We did not find a study evaluating the responses of AI chatbots for the SpA group in the literature; However, other research in this area has provided us with several important findings. For example, a study analyzing YouTube videos related to SpA in terms of quality and reliability found that there are useful videos as well as misleading videos, and that these videos often contain inaccurate clinical features and unproven alternative treatments (24). Another study on the quality and readability of online information about ankylosing spondylitis found that less than half of the websites had high-quality content and that the average readability levels of the websites were lower than recommended (25). These findings underscore the need for SpA patients and healthcare professionals to be cautious when accessing online information.
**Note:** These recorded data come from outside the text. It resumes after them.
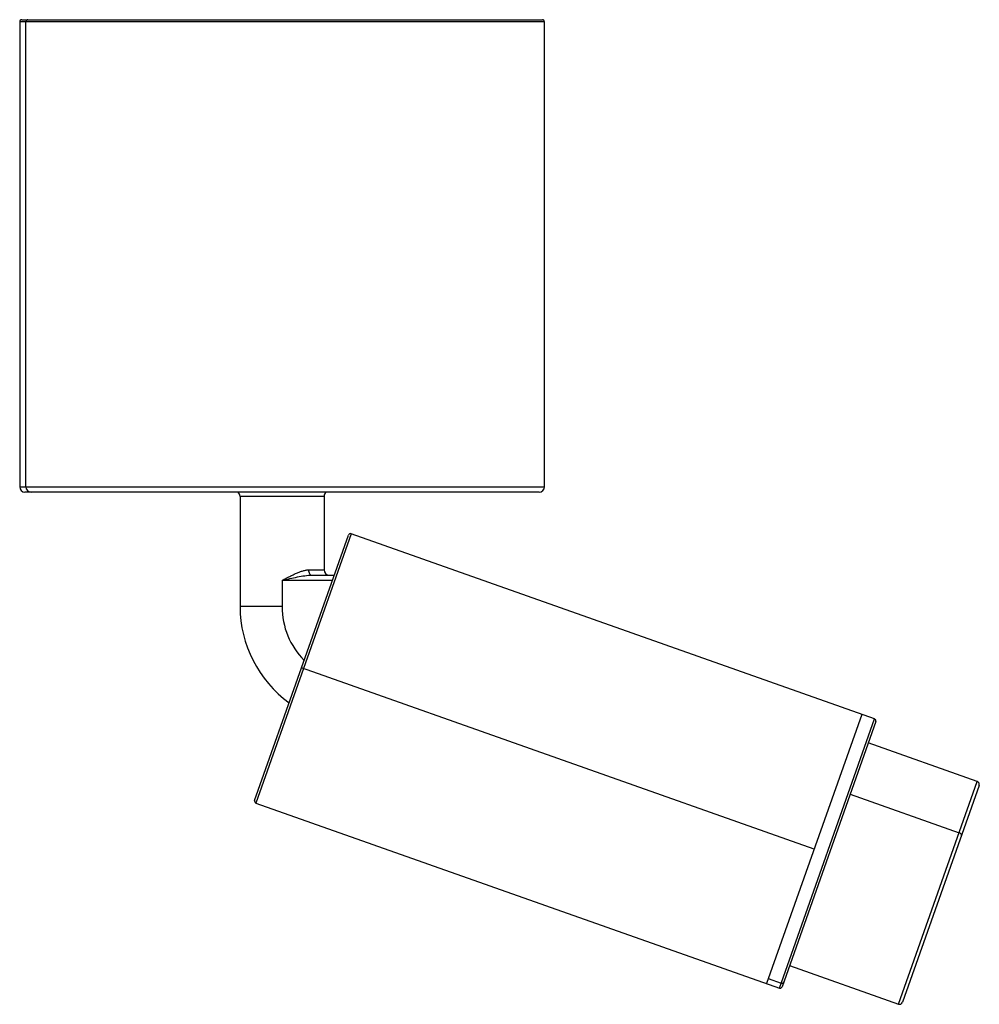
# Paper-space layout '_Inferior' of a CAD drawing. Header units: millimetres. Extents: x -15.3 to 76.2, y -22.9 to 70.9.
import ezdxf

# ---------------------------------------------------------------- set-up
doc = ezdxf.new("R2010")
doc.units = ezdxf.units.MM

psp = doc.layouts.new('_Inferior')

# ---------------------------------------------------------------- linework, layer by layer
at = {"color": 7, "linetype": 'Continuous', "lineweight": 25}
for p, q in [((-15.257, 70.682), (-15.257, 26.382)), ((34.743, 70.682), (-15.257, 70.682)), ((-15.057, 70.882), (34.543, 70.882)), ((-14.664, 26.382), (-14.664, 70.682)), ((-13.657, 70.884), (-13.657, 70.882)), ((34.743, 26.382), (34.743, 70.682)), ((-15.257, 26.382), (34.743, 26.382)), ((34.243, 25.882), (-14.757, 25.882)), ((13.743, 25.482), (5.743, 25.482)), ((5.743, 25.482), (5.743, 14.982)), ((13.743, 25.482), (13.743, 18.482)), ((7.126, -3.467), (16.06, 21.8)), ((16.315, 21.922), (7.248, -3.723)), ((66.189, 4.287), (16.315, 21.922)), ((12.258, 18.482), (13.743, 18.482)), ((12.572, 17.982), (14.71, 17.982)), ((9.743, 17.482), (9.743, 14.982)), ((14.533, 17.482), (9.743, 17.482)), ((9.743, 14.982), (5.743, 14.982)), ((60.43, -8.102), (11.593, 9.166)), ((64.964, 4.721), (55.896, -20.924)), ((57.122, -21.357), (66.189, 4.287)), ((66.311, 4.032), (57.377, -21.235)), ((75.969, -1.663), (65.594, 2.005)), ((68.469, -22.876), (75.969, -1.663)), ((76.152, -2.046), (68.852, -22.694)), ((7.248, -3.723), (57.122, -21.357)), ((63.866, -2.884), (74.241, -6.552)), ((58.094, -19.208), (68.469, -22.876)), ((56.066, -20.444), (57.292, -20.877))]:
    psp.add_line(p, q, dxfattribs=at)
at = {"color": 7, "linetype": 'Continuous', "lineweight": 25, "flags": 128}
for points in [[(12.258, 18.482), (12.264, 18.384), (12.281, 18.291), (12.31, 18.204), (12.35, 18.128), (12.397, 18.066), (12.452, 18.02), (12.51, 17.992), (12.572, 17.982)], [(74.469, -6.805), (74.475, -6.773), (74.469, -6.739), (74.452, -6.703), (74.425, -6.668), (74.389, -6.634), (74.345, -6.602), (74.295, -6.575), (74.241, -6.552)]]:
    psp.add_lwpolyline(points, dxfattribs=at)
at = {"color": 7, "linetype": 'Continuous', "lineweight": 25}
for centre, radius, start, end in [((-15.057, 70.682), 0.2, 90, 180), ((-14.466, 70.684), 0.198, 90.6954, 180.67892), ((34.543, 70.682), 0.2, 0, 90), ((-14.757, 26.382), 0.5, 180, 270), ((-14.17, 26.376), 0.494, 179.32108, 269.3046), ((34.243, 26.382), 0.5, 270, 0), ((5.243, 25.482), 0.5, 0, 53.1301), ((14.243, 25.482), 0.5, 126.8699, 180), ((16.248, 21.733), 0.2, 70.52751, 160.52751), ((14.243, 18.482), 0.5, 180, 270), ((17.043, 14.982), 11.3, 180, 234.07707), ((17.043, 14.982), 7.3, 180, 224.52847), ((66.123, 4.099), 0.2, 340.52751, 70.52751), ((75.869, -1.946), 0.3, 340.52751, 70.52751), ((7.315, -3.534), 0.2, 160.52751, 250.52751), ((57.189, -21.168), 0.2, 250.52751, 340.52751), ((57.361, -20.694), 0.196, 249.45659, 339.41498), ((68.569, -22.594), 0.3, 250.52751, 340.52751)]:
    psp.add_arc(centre, radius, start, end, dxfattribs=at)
for points, knots in [([(9.743, 17.482), (9.812, 17.519), (9.941, 17.586), (10.117, 17.679), (10.264, 17.756), (10.465, 17.86), (10.718, 17.986), (11.043, 18.139), (11.353, 18.27), (11.615, 18.364), (11.815, 18.421), (11.967, 18.455), (12.115, 18.477), (12.211, 18.48), (12.258, 18.482)], [0, 0, 0, 0, 0.080238, 0.148755, 0.20555, 0.250624, 0.38301, 0.500205, 0.631803, 0.749644, 0.814526, 0.874729, 0.93863, 1, 1, 1, 1]), ([(9.743, 17.482), (10.232, 17.597), (10.725, 17.714), (11.438, 17.856), (11.674, 17.898), (12.137, 17.961), (12.359, 17.982), (12.572, 17.982)], [0, 0, 0, 0, 0.5, 0.5, 0.75, 0.75, 1, 1, 1, 1])]:
    psp.add_open_spline(points, degree=3, knots=knots, dxfattribs=at)

doc.saveas('drawing.dxf')

In today’s world, there is an increasing tendency for patients to seek information about health issues through online resources and AI-based chat tools (26). However, research indicates that these online resources are inadequate in terms of quality and readability (27-31). According to the results of our study, it is necessary to improve the quality and readability of AI chatbots as well. Consequently, patients and their families may suffer due to access to incorrect information (32). Therefore, ensuring the accuracy, quality, and readability of health information is of great importance. Compliance with quality and readability standards facilitates patients’ access to reliable information and enhances health literacy (33). However, each patient is unique, and the treatment process requires a personalized approach. Therefore, online resources and AI tools cannot replace healthcare professionals (34, 35). The importance of the physician-patient relationship should always be emphasized.
Although the number of keywords evaluated in our study is approximately the same level as similar studies, there may be limitations in making generalizations.
Study Limitations
This limitation can be considered as a constraint of our study. Additionally, only English keywords were evaluated in the study. Evaluating keywords in different languages can broaden the scope of the results. Another limitation of our study is the use of a single calculator to evaluate the readability of websites. In the study conducted by Gül et al. (20), the correlation between different calculators was assessed, and medium strong correlation correlation results were obtained. Therefore, we also chose to use a single calculator.
Conclusion
This study reveals that AI chatbots’ texts about SpA have certain shortcomings in terms of quality and readability. In conclusion, it emphasizes that online resources and AI tools play an important role in information delivery in the healthcare field, but quality and readability control should be ensured. This can facilitate patients’ access to accurate, reliable and comprehensible information.